### Exercise prompt
Output the lines of the entries below beginning at the one with "What is the" and ending with the last, exactly as written and without pictures.

### Items listed in a dataset

_ _ _ _

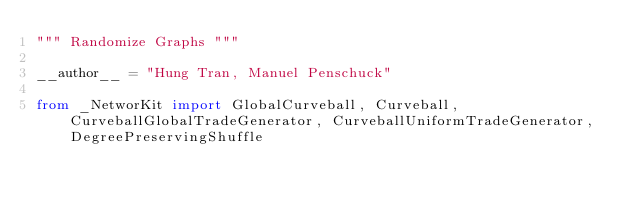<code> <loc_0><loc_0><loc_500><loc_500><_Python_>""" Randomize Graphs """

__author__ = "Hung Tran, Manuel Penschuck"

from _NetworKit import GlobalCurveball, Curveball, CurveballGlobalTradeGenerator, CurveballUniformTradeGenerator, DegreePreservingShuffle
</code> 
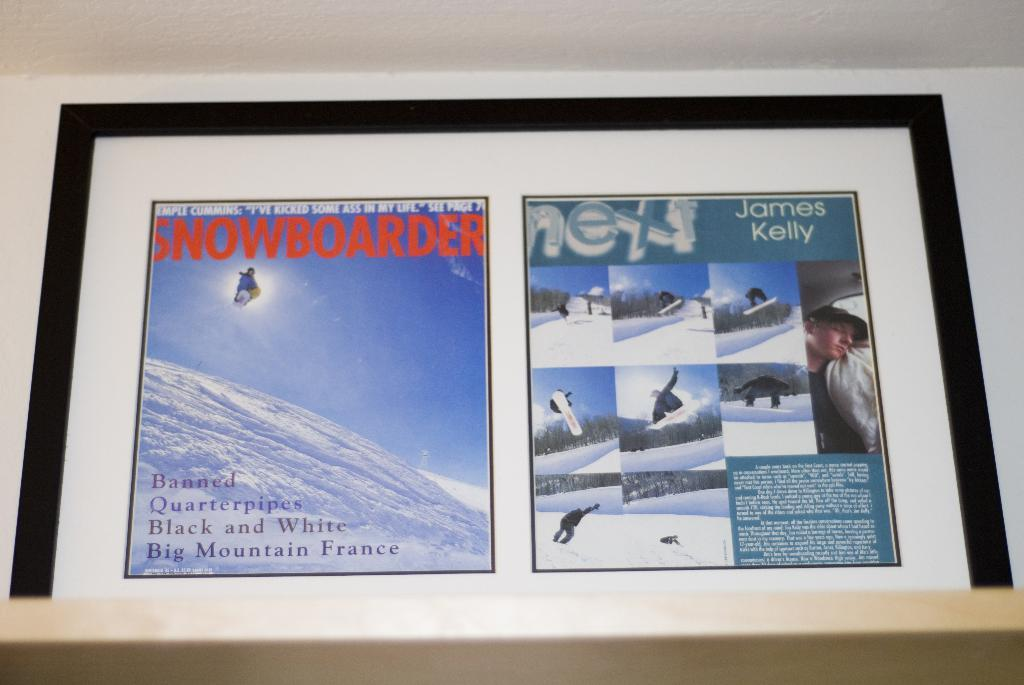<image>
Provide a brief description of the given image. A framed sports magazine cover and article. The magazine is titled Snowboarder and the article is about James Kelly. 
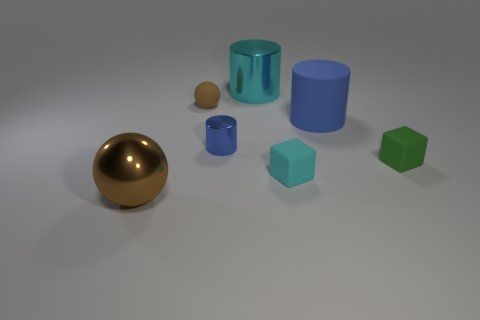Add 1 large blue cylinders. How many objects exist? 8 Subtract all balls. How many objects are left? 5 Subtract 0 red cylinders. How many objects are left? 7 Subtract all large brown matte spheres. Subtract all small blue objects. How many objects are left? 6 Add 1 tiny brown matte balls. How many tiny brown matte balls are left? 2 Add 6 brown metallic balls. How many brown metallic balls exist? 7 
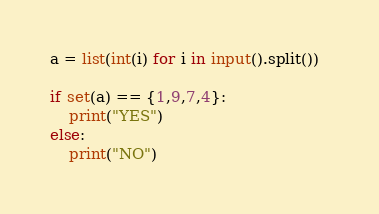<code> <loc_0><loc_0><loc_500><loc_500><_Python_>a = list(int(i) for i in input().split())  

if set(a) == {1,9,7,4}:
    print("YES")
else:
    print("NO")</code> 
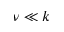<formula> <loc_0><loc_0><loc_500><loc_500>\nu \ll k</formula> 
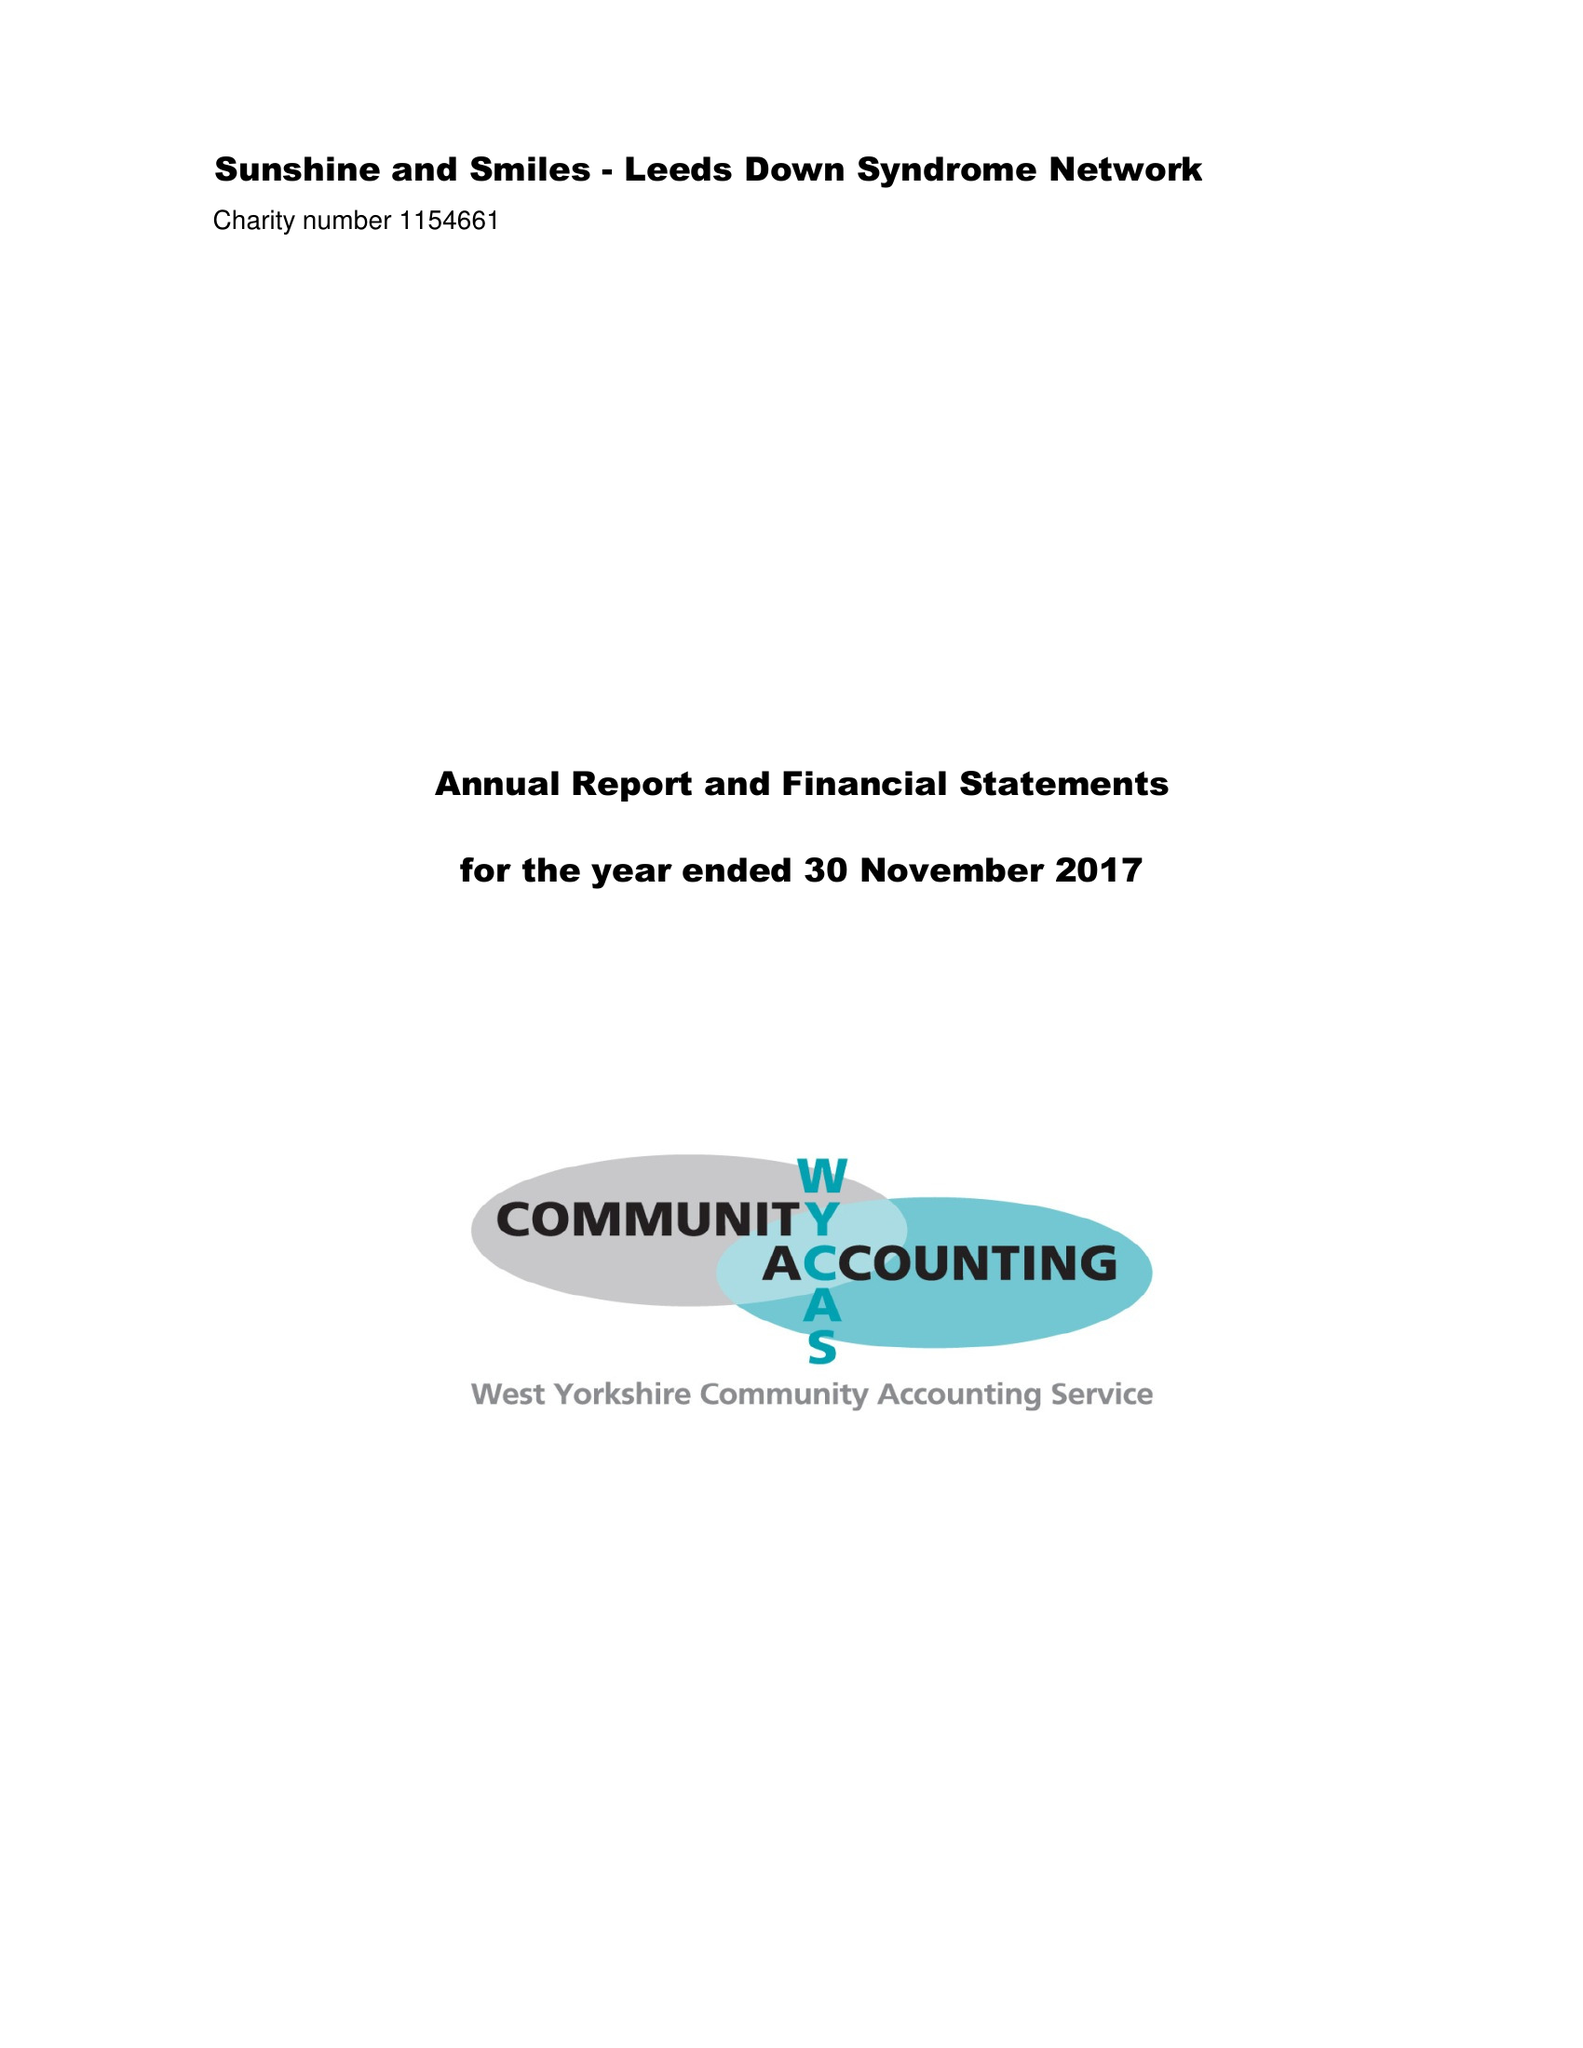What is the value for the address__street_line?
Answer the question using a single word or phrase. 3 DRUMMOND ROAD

_ _ _ _

### Output below
What is the value for the address__street_line?
Answer the question using a single word or phrase. 3 DRUMMOND ROAD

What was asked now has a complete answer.